The third season of the reality television series Love & Hip Hop: Miami premiered on VH1 on January 6, 2020 until April 6, 2020. The show was primarily filmed in Miami, Florida and executive produced by Mona Scott-Young and Stephanie R. Gayle for Monami Entertainment and Dan Cesareo, Lucilla D'Agostino, Donna Edge Rachell, James Knox, Faith Gaskins and Brian Schornak for Big Fish Entertainment. Nina L. Diaz, Sitarah Pendelton, Lashan Browning and Phakiso Collins are executive producers for VH1.
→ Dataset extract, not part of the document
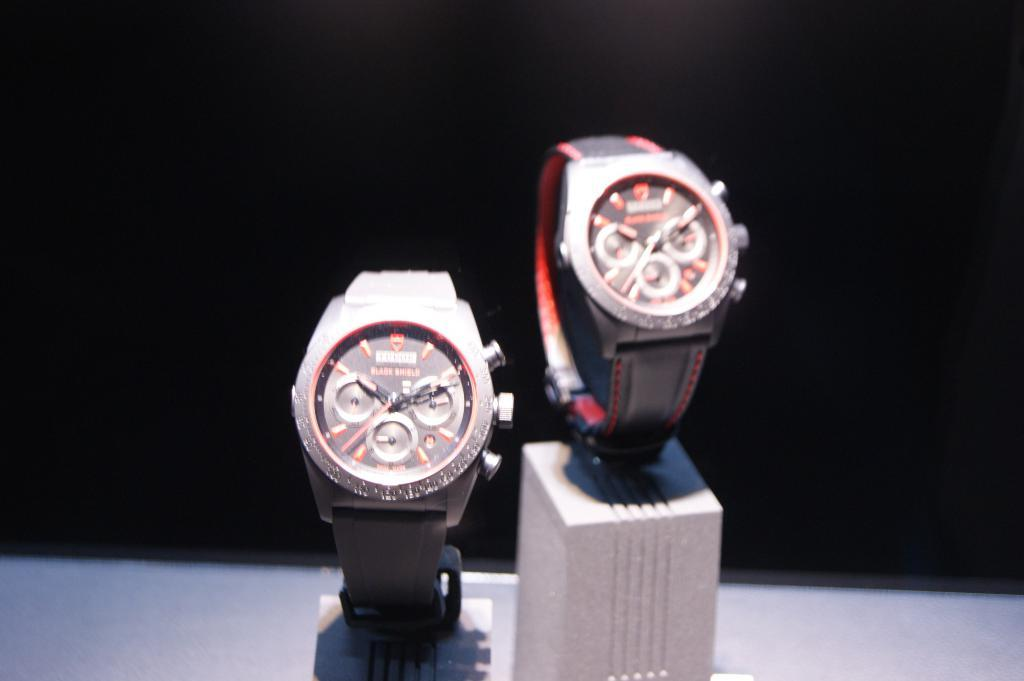What objects are present on the table in the image? There are two hand watches on the table in the image. What type of objects are the hand watches? The hand watches are timekeeping devices. What can be observed about the background of the image? The background of the image is dark. What type of acoustics can be heard in the image? There is no information about acoustics in the image, as it only features two hand watches on a table with a dark background. 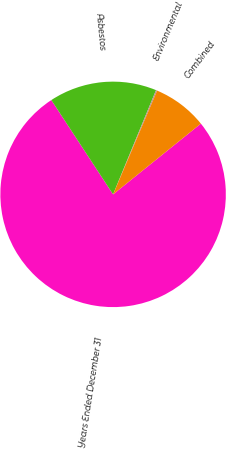Convert chart. <chart><loc_0><loc_0><loc_500><loc_500><pie_chart><fcel>Years Ended December 31<fcel>Asbestos<fcel>Environmental<fcel>Combined<nl><fcel>76.56%<fcel>15.45%<fcel>0.17%<fcel>7.81%<nl></chart>

The series chronicles the lives of several women and men in the Miami area, involved in hip hop music. It consists of 14 episodes, including a two-part reunion special hosted by Claudia Jordan.

==Production==
On November 15, 2019, Jojo Zarur announced on social media that the show would return on January 6, 2020. On December 9, 2019, VH1 confirmed the season's premiere date, along with a promo featuring rappers Sukihana, Brisco, Hood Brat and waist trainer entrepreneur PreMadonna, who had previously been attached to the show when it first started filming in 2016. On December 11, 2019, VH1 announced the return of Love & Hip Hop: Atlantas Joseline Hernandez to the franchise, who would join the cast alongside Shay Johnson's brother EmJay, rapper KaMillion and social media personality Saucy Santana, best known for his friendship with Yung Miami of City Girls. Santana made headlines during filming, after surviving a drive-by shooting outside a strip club. On December 30, 2019, VH1 released a six-minute super trailer.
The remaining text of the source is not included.